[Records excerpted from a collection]
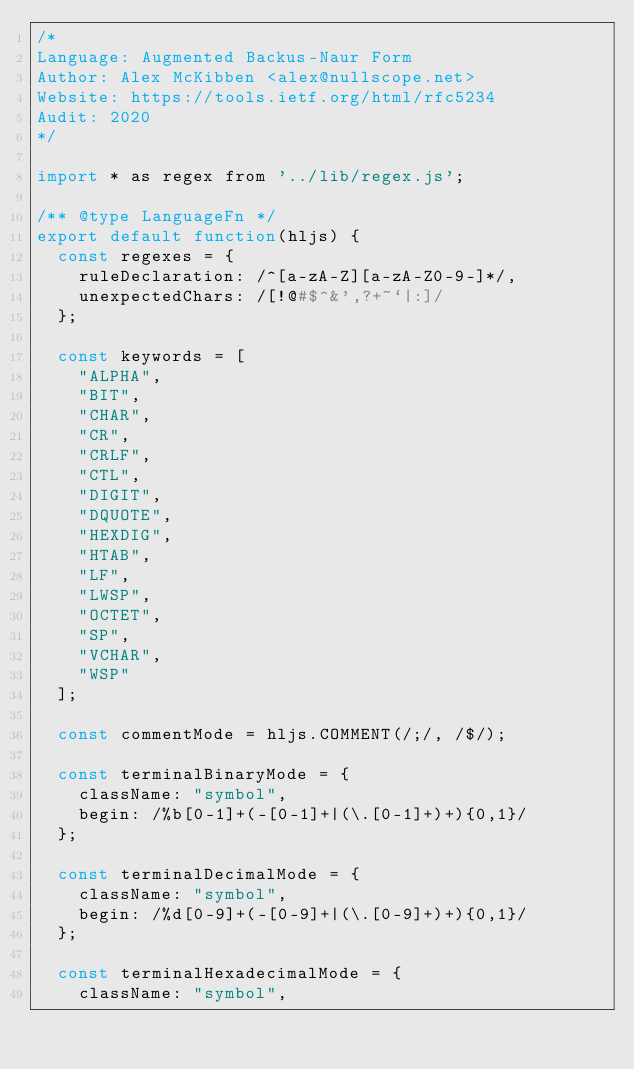Convert code to text. <code><loc_0><loc_0><loc_500><loc_500><_JavaScript_>/*
Language: Augmented Backus-Naur Form
Author: Alex McKibben <alex@nullscope.net>
Website: https://tools.ietf.org/html/rfc5234
Audit: 2020
*/

import * as regex from '../lib/regex.js';

/** @type LanguageFn */
export default function(hljs) {
  const regexes = {
    ruleDeclaration: /^[a-zA-Z][a-zA-Z0-9-]*/,
    unexpectedChars: /[!@#$^&',?+~`|:]/
  };

  const keywords = [
    "ALPHA",
    "BIT",
    "CHAR",
    "CR",
    "CRLF",
    "CTL",
    "DIGIT",
    "DQUOTE",
    "HEXDIG",
    "HTAB",
    "LF",
    "LWSP",
    "OCTET",
    "SP",
    "VCHAR",
    "WSP"
  ];

  const commentMode = hljs.COMMENT(/;/, /$/);

  const terminalBinaryMode = {
    className: "symbol",
    begin: /%b[0-1]+(-[0-1]+|(\.[0-1]+)+){0,1}/
  };

  const terminalDecimalMode = {
    className: "symbol",
    begin: /%d[0-9]+(-[0-9]+|(\.[0-9]+)+){0,1}/
  };

  const terminalHexadecimalMode = {
    className: "symbol",</code>

* _What to work on_
Scan the entries above for the string "const" and copy each line containing it.

* _Exercise result_
  const regexes = {
  const keywords = [
  const commentMode = hljs.COMMENT(/;/, /$/);
  const terminalBinaryMode = {
  const terminalDecimalMode = {
  const terminalHexadecimalMode = {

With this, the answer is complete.